Im Oligozän begann das Klima weniger warm und feucht zu werden (war aber immer noch weit wärmer und feuchter als heute), und bis ins Miozän hinein (in Zeitperioden in der Größenordnung von ca. 1 Mio Jahren) stärker zu fluktuieren.
Millar 1996, Tertiary Vegetation, Chap.5:
Vegetation dynamics of the Miocene and Pliocene of the Sierra Nevada and adjacent regions are complex. Although this undoubtedly reflects the major environmental transitions of the time, it is probably also an artifact of the better records from younger ages. I discuss in turn the Miocene-Pliocene vegetation history under three more-or-less-chronological themes:
1. Early extinctions and vegetation replacements resulting from the Eocene:Oligocene climatic event,
2. High diversity through the middle to late Miocene correlated with summer rain, and
3. Migrations, species turnovers, increasing provincialization, zonation, and late Miocene extinctions due to decreasing summer rainfall through the Miocene-Pliocene.

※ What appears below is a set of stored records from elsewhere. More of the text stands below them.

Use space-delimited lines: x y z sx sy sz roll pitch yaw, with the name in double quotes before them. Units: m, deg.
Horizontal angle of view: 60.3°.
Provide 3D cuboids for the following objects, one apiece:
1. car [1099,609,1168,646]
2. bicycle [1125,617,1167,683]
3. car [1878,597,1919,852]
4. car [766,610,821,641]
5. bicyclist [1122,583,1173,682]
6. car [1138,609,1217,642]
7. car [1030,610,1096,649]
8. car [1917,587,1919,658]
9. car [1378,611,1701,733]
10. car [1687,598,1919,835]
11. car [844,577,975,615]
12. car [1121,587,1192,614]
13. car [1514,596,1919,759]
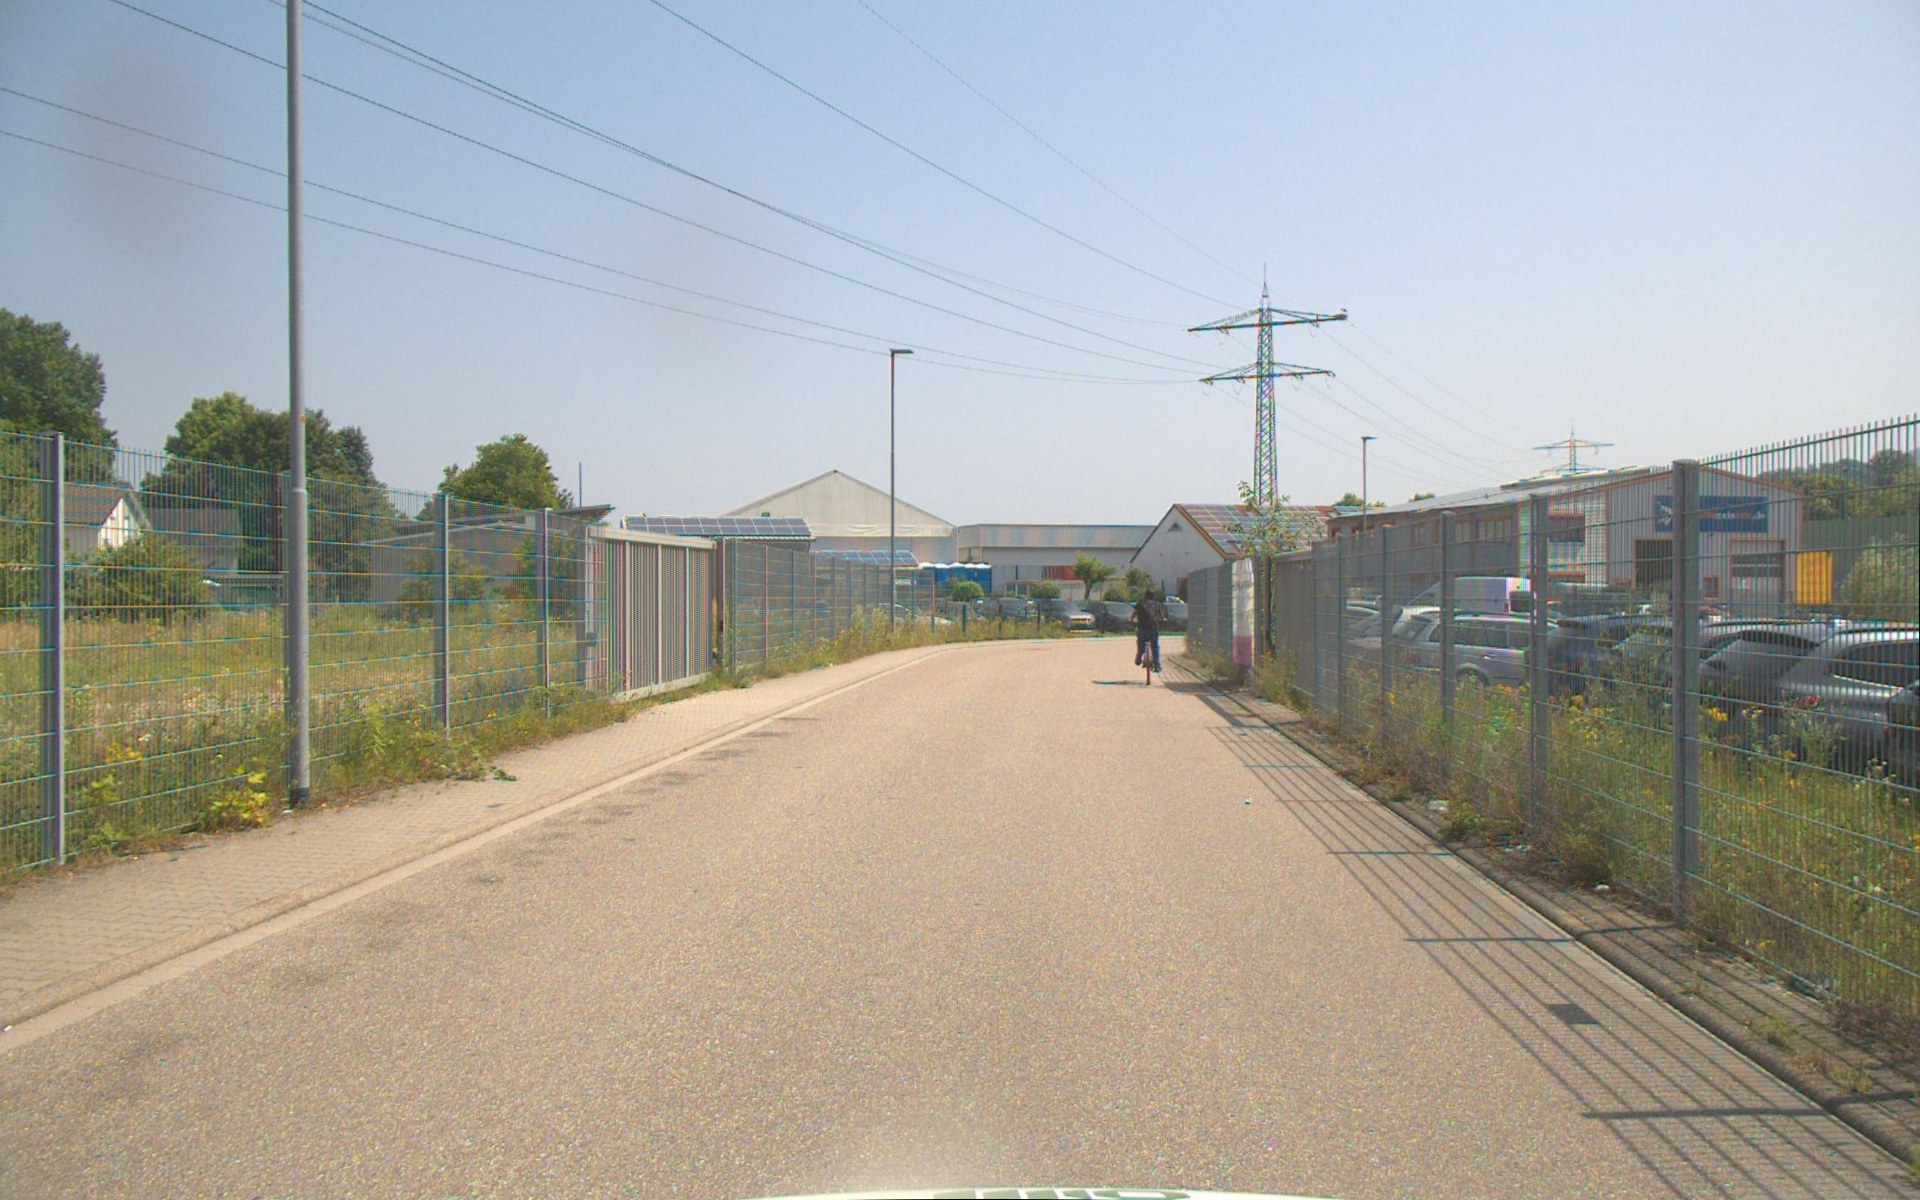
"car" 7.662 1.186 73.359 1.832 1.581 3.755 0 0 -15
"bicycle" 3.229 0.845 28.588 0.670 1.070 1.902 1 0 7
"car" 7.392 0.796 8.623 4.121 1.430 1.840 3 0 7
"car" -7.504 1.132 74.254 1.833 1.321 3.424 0 0 -17
"bicyclist" 3.242 0.546 28.548 0.824 1.646 1.040 1 1 7
"car" 9.824 1.133 75.176 1.962 1.460 4.646 0 0 -15
"car" 4.521 1.271 73.111 1.832 1.672 3.619 0 0 -15
"car" 28.533 0.616 44.399 4.969 1.932 1.853 0 0 -11
"car" 8.370 1.025 24.113 4.078 1.499 1.638 3 0 0
"car" 7.513 0.807 11.111 4.416 1.430 1.839 3 0 1
"car" -1.834 -0.127 59.798 4.472 1.330 1.861 0 0 -15
"car" 12.024 0.038 101.112 3.919 1.626 1.870 0 0 -14
"car" 8.281 0.785 17.263 4.414 1.430 1.768 3 0 5

Early Extinctions and Replacements
(...) The most dramatic changes are the loss of warm-humid-adapted angiosperms and the appearance of cool-temperate-adapted conifers and angiosperms (Axelrod 1977, 1986; Axelrod and Schorn 1994; Raven and Axelrod 1978; Schorn 1984; Wolfe 1969). Almost all of the key subtropical and tropical taxa (e.g., Diospyros, Ficus, Engelhardtia, Magnolia, Viburnum, Cinnamomum, Persea) that are known from Sierran and other western North American Eocene floras are missing from the fossil deposits of the mid-Tertiary. (...) many taxa (or their nearest relatives) that occurred in California during the Eocene are found now in tropical Mexico and others only in eastern Asia (Axelrod 1977; Raven and Axelrod 1978). (...) In addition to taxa currently native to the Sierra Nevada, these Miocene forests contained temperate-adapted taxa now native to other parts of North America. These included conifers and angiosperms currently native to non-Sierran provinces of California (e.g., Chamaecyparis, Sequoia, Picea, Thuja, coastal species of Quercus), as well as species that now grow in eastern North America (e.g., Carya, Ulmus, Juglans, Liquidambar). Many of these temperate-adapted taxa appear to have been present during the early Tertiary on the volcanic plateau of the Great BasinIdaho uplift, which seems to have served as a refugial island during the warm, humid phases of the early Tertiary (Axelrod 1968, 1986; Axelrod and Raven 1985; Millar 1993; Millar and Kinloch 1991).